# Help me decide: Self care vs. Full care vs. Pasture



## tinyliny (Oct 31, 2009)

I don't know about costs, except to say that board in your area is ridiculously cheap by our standards (ours is at least twice , maybe thrice that amount!),
But I can say that pasture kept horses are usually a lot happier, healthier and dont' need pre-ride lunging. I think your area gets very cold, so that could be an issue in the winter, if you plan to ride and you have to do a trace clip or something. Our horses are non blanketted all year, but our weather is pretty wussy compared to yours.


----------



## Dream (Jan 23, 2011)

Haha yeah, this pasture board is $20 cheaper a month than the stable I boarded at during college. And I'm south of where I was for college, and it's much warmer here...my horse has dealt with -50F windchills...she's tough, and I do blanket her. I just feel that horses should be able to get out of the wind at least.

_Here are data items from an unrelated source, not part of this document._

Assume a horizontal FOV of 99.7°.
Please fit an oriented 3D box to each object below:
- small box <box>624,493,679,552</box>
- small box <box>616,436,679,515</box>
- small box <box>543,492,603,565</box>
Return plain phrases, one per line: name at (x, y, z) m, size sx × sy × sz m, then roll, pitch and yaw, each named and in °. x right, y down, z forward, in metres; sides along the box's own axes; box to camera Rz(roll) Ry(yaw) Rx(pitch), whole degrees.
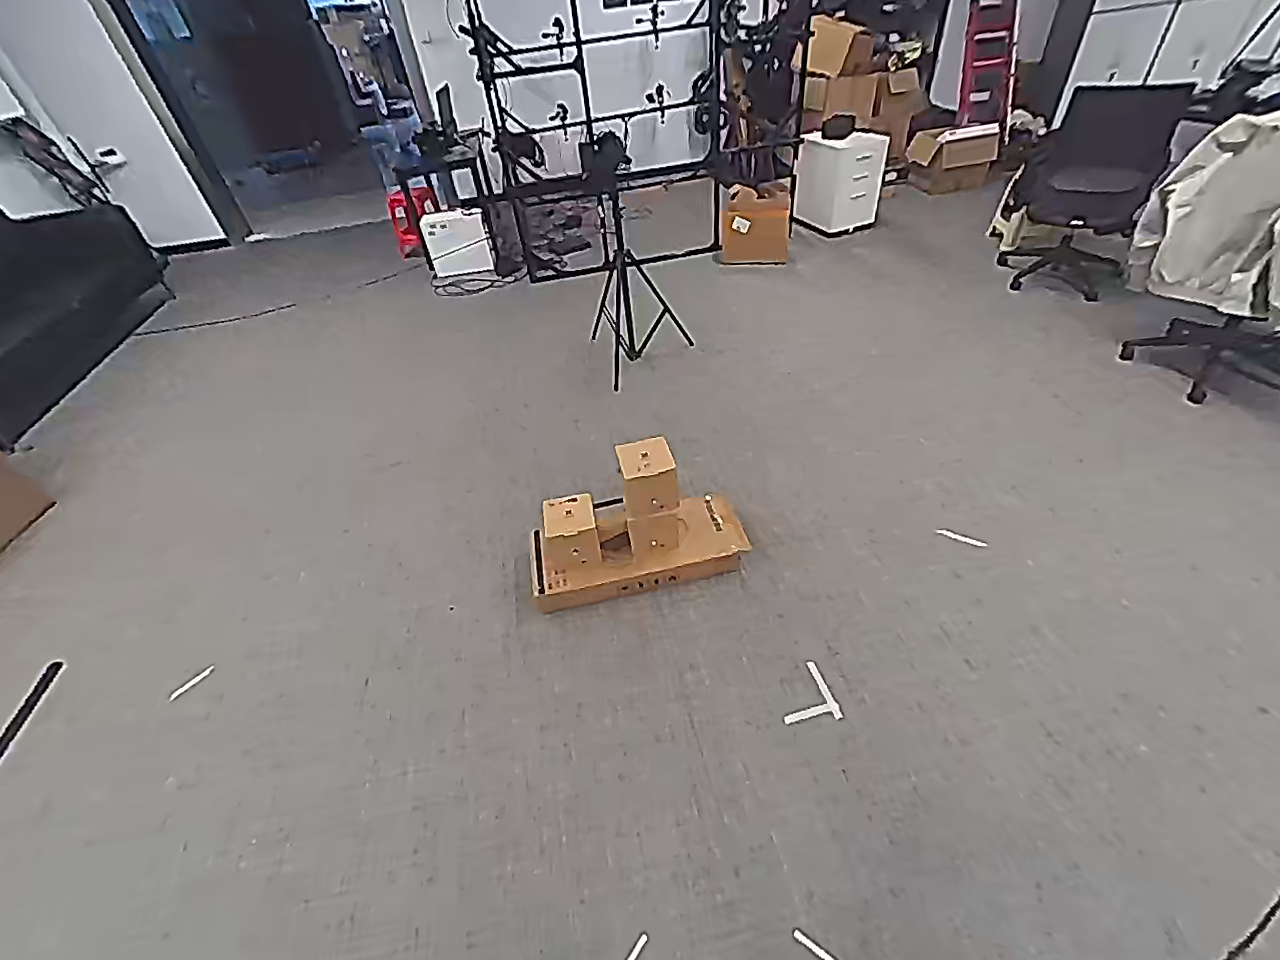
small box at (0.038, 0.119, 1.851) m, size 0.168 × 0.176 × 0.179 m, roll -10°, pitch 42°, yaw -2°
small box at (0.025, -0.015, 1.753) m, size 0.168 × 0.176 × 0.179 m, roll -13°, pitch 42°, yaw -5°
small box at (-0.225, 0.171, 1.828) m, size 0.168 × 0.176 × 0.179 m, roll -12°, pitch 43°, yaw -4°
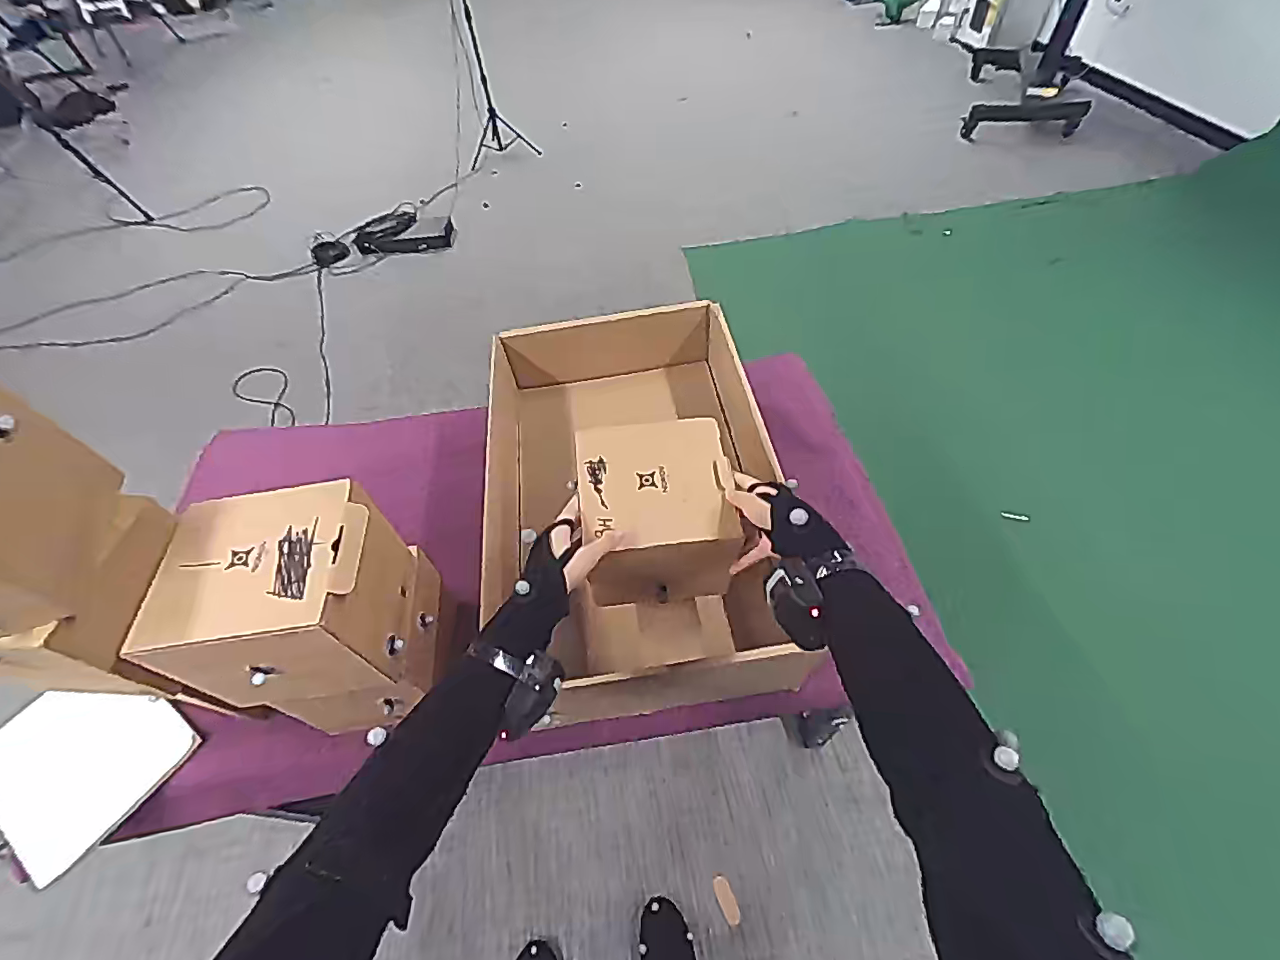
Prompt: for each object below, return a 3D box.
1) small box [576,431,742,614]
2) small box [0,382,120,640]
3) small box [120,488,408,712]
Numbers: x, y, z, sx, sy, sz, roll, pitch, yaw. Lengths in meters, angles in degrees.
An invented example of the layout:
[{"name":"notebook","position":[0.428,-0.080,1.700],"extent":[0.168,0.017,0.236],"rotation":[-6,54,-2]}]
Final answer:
[{"name":"small box","position":[0.014,0.057,0.681],"extent":[0.179,0.176,0.168],"rotation":[-5,56,-4]},{"name":"small box","position":[-0.619,0.035,0.470],"extent":[0.168,0.176,0.179],"rotation":[-17,53,-7]},{"name":"small box","position":[-0.371,0.133,0.581],"extent":[0.179,0.176,0.168],"rotation":[-8,51,-3]}]

Also, the stalled horses are put out in a paddock with grass during the day, so she would only be stalled at night and get plenty of exercise. She doesn't need to be lunged anyways usually, unless she's had extra jalepenos for breakfast that day! 

Thanks for your input!


----------



## Dream (Jan 23, 2011)

So I'm roughly calculating $25-$35/month for hay (she's around 800-850 lbs), and I am thinking I'd use wood pellets for bedding (we have sawmills here that I think we could get them fairly cheap), so after the initial setup that fills the stall up, I'd probably only replace 1-2 a week, so I'm estimating around $35/month for bedding...is that reasonable? It would save me around $25 a month from what full-care is. Good deal or no?


----------



## AQHA13 (Apr 19, 2017)

All those prices sound really good! One thing you should consider though, is how much is your time worth? If you are going to have to travel to get loose shavings or pellets from a mill every week or two, when you could spend that time riding, would it be worth it? You should add gas money into the mix too.


----------



## Dream (Jan 23, 2011)

Thanks AQHA13! I didn't even think of that. If the mill is cheaper than Menards (they have wood stove pellets--$4 for a 40 lb bag I believe), then I will factor in that. However, I just realized there is a Menards across the street from the stable, so that wouldn't cost me any gas to go there, since it's right by the stable. The hay will still cost money though, but we can get fairly big loads and put it up in the hay loft at the stable, so you don't have to buy bale by bale. 

And my fiance' isn't too keen on riding, so he said that when I come out to ride, he'd muck out my horse's stall for me and get her food and water all set up, so that's not going to be too much time wasted. I'll still do it when I go out to the barn without him of course.


----------



## Reiterin (Mar 28, 2010)

personally I think full care is totally worth the cost. (we don't even have an option of pasture or self care, anyway) But I live 20 minutes away from my barn, and I do not have the time, nor can I afford the gas money it would take to go out Twice a day. - heck, I don't even go out Every day.

Since you are so close and if the cost savings is worth it to you...


----------